I've just had a little mishap.
Or potentially a small series of little mishaps punctuated by mildly relevant incidents, but I'll let you call it what you will.
What happened was I saw a cockroach. I really hate cockroaches,
so much so so that I'm really rather loathe to actually type out the
word because it is gross and disgusting (And also, incidentally, a word I
continually forget exists when my students are playing a spelling game
that starts c-o-c- and I break in to beg them to please only use polite
words and they get very confused because they can't see why "cockroach"
is so rude.)
In any event, one of those atrocious insects showed itself
dashing madly about my kitchen counter, then hiding (presumably panting
its little lungs out) behind a clear blue vase, clearly deluded in its
reverie that I could not see it there.
I could, which is why I was shouting, "go away, you miserable,
decrepit little beast of atrociousness!" and trying to decide if it
would be worth it to smush it with my flip flop on the kitchen counter
or just let it scurry away of its own accord.

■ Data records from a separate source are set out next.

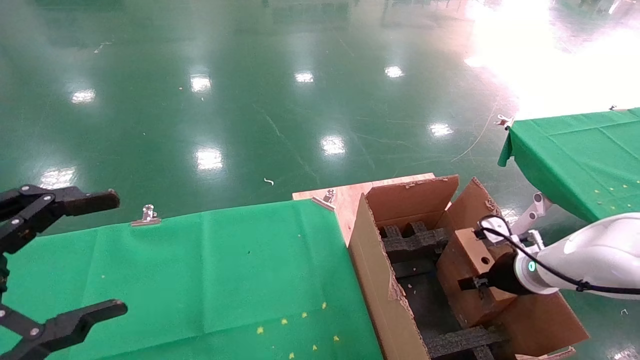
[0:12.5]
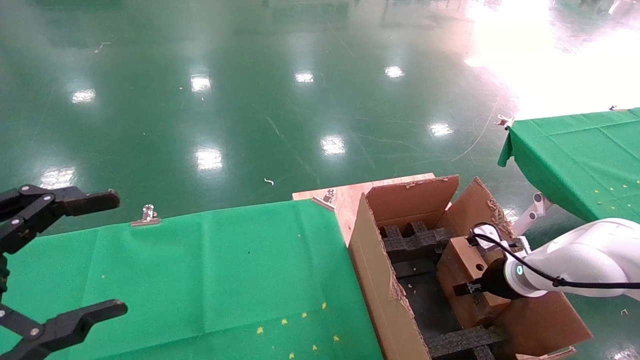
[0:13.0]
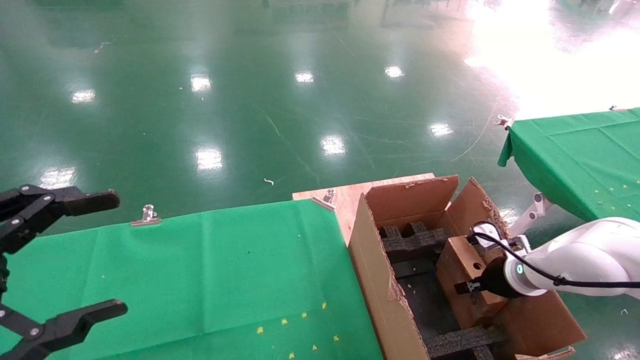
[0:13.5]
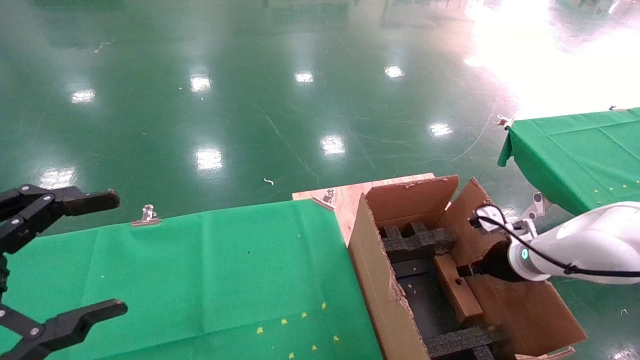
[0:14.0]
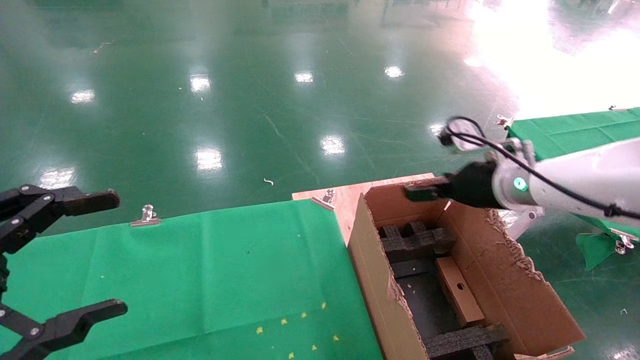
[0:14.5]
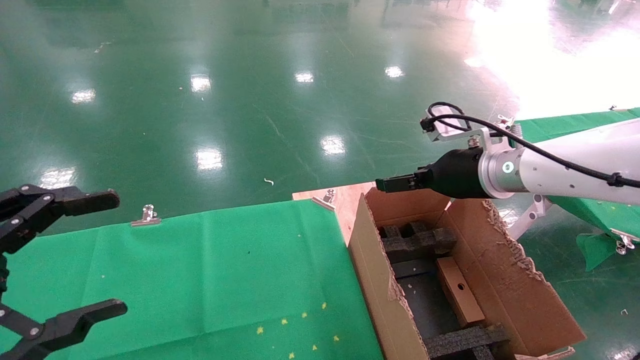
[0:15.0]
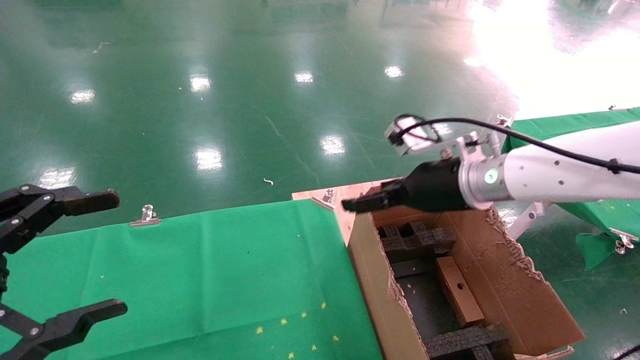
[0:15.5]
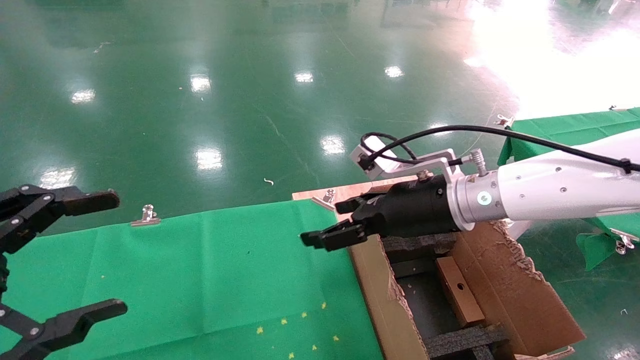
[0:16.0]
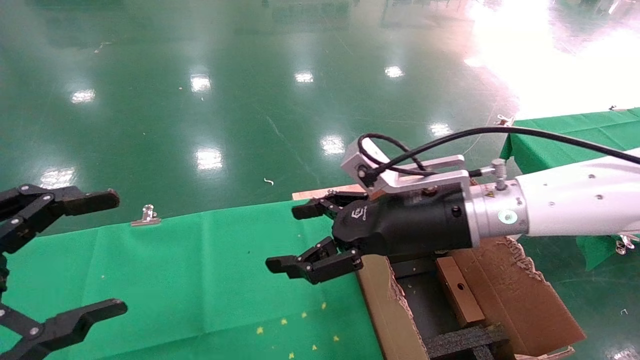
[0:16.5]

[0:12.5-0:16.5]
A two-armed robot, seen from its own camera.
Task of the whole recording: using a robotic arm to pick up a cardboard box and palace it the carton.
0:12.5 to 0:14.5: The right gripper is displaced upward and to the left by some 15 cm, and opens its fingers.
0:14.5 to 0:16.5: The right gripper shifts some 15 cm to the left and backward.

Thankfully it was just about that point that my friend Katie came
into the kitchen and I quickly let her take over the realm of cockroach
killery, seeing as she is Australian and tough and good at interacting
with wildlife.
Katie managed somehow (it all happened rather fast) to catch the
cockroach in a bowl in the sink and fill it with water, thereby
beginning to drown the invader. I breathed a sigh of relief, except for
the fact there was still a half-dead cockroach in my sink.
"Shall we flush him?" I asked.
"Or throw him out the window," she said, "except you want to wait till he's dead."
"Why?" I asked, thinking the sooner we were rid of him, the better.
"Well, because he might not actually be dead and he might start
to move and hit your finger," she said, looking up at me, who'd begun
convulsing rather egregiously at the mention of cockroach coinciding
with bare skin.
"You understand now," she said, laughing.
So we sat down to chat, and left the cockroach to take his time dying in the sink.
Incidentally (this is one of those mildly relevant incidents, in case you were wondering),
Katie had very magnanimously agreed to drink out of my favorite mug,
which is the one that formerly had the possibly dead lizard in it, and
that I have henceforth been entirely incapable of drinking out of. I
told her the whole story and explained that she certainly did not have
to drink from the mug, as goodness knows I wasn't, but that if she did,
it might pave the way for me to one day be able to again use my favorite
mug. She very kindly agreed. I told you she was tough.
Anyway, after she left, I decided it was time to dispose of the
cockroach. Throwing him out the window was highly tempting, but I
remembered the neighbors beneath us aren't overly fond of us already
(something about flushing toilets at night and waking them up), and I
was afraid this would do rather permanent damage to our already rocky
relationship. I decided to flush him.
It was on the way to the bathroom with the full bowl of water and
carcass that I remembered the light in the bathroom is out. It has
been out for a couple weeks now, because there has not been a boy around
to change it, and I am perfectly happy to shower in the dark until
someone avails himself to change my light bulb. I did, however, begin
to think that light could prove useful in the disposal of the insect.
Fortunately, light was not exactly required -- though it could
potentially have averted the minor crisis that followed. I had the
foresight to lift both lids on the toilet, but seeing as that's not a
maneuver I regularly perform, I forgot that they don't stay up
particularly well. So, what should have been a reasonably painless
experience turned tragic when the lids came crashing down, spilling
dirty water and dead cockroach all over the floor. Thank goodness I
didn't break the bowl.
Somehow or other I managed to get the bowl back to the kitchen
and then actually (this deserves tremendous kudos, in my estimation)
pick up the carcass with toilet paper and deposit it in the trash. And
then wash my hands sixteen times.
So now my hands are clean, but if you'll excuse me, I still have a tragically mired bathroom to clean.